**** Records for processing ****

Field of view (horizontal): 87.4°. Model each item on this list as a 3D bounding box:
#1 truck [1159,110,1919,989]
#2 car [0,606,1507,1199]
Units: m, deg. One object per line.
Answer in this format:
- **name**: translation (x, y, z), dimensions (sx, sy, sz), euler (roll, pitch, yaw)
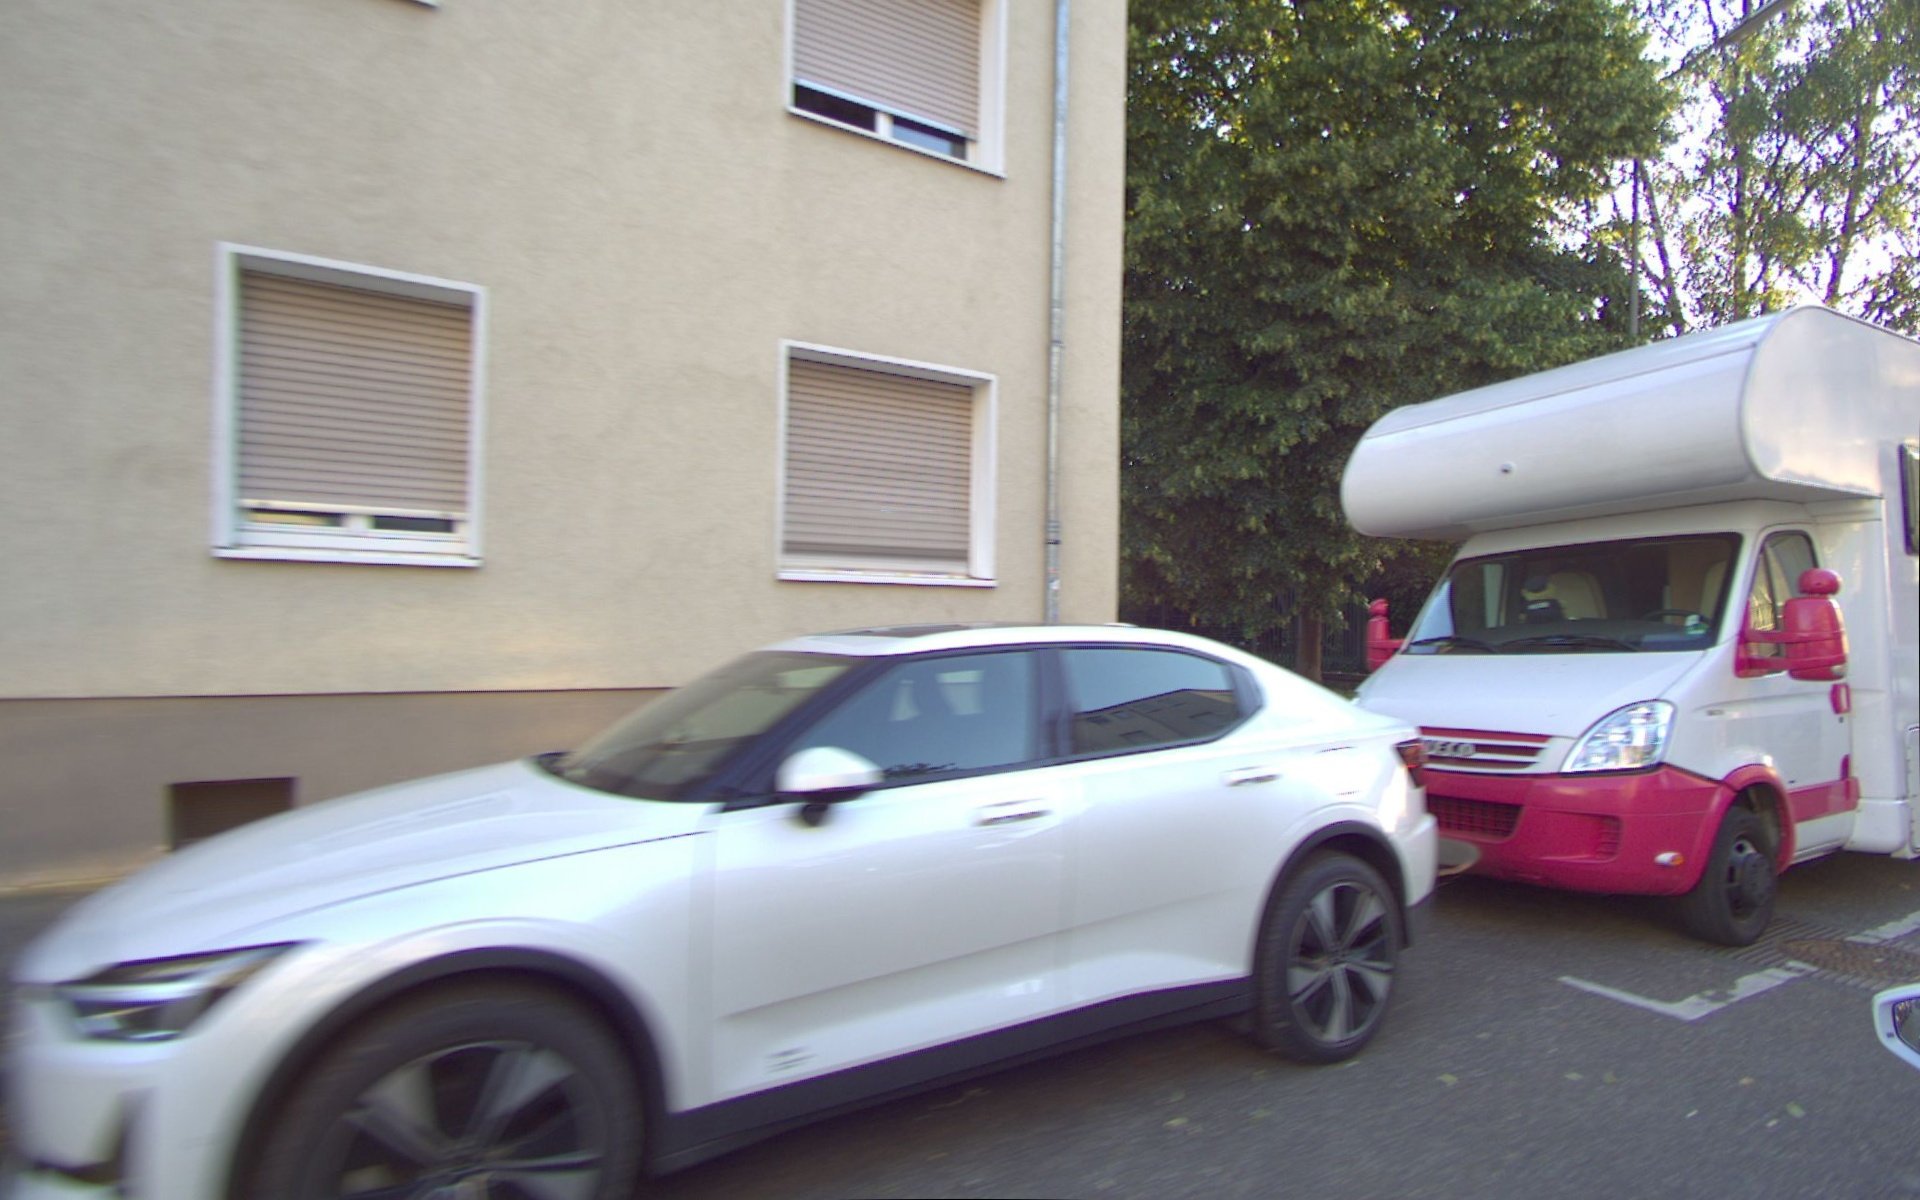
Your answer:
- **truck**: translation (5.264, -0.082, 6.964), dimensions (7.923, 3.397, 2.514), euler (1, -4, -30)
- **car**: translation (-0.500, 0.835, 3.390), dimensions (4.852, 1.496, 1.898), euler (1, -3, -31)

****

Exercise instructions: Every entry above is to be printed again exactly, pictures omitted.

Final answer:
Field of view (horizontal): 87.4°. Model each item on this list as a 3D bounding box:
#1 truck [1159,110,1919,989]
#2 car [0,606,1507,1199]
Units: m, deg. One object per line.
Answer in this format:
- **name**: translation (x, y, z), dimensions (sx, sy, sz), euler (roll, pitch, yaw)
Your answer:
- **truck**: translation (5.264, -0.082, 6.964), dimensions (7.923, 3.397, 2.514), euler (1, -4, -30)
- **car**: translation (-0.500, 0.835, 3.390), dimensions (4.852, 1.496, 1.898), euler (1, -3, -31)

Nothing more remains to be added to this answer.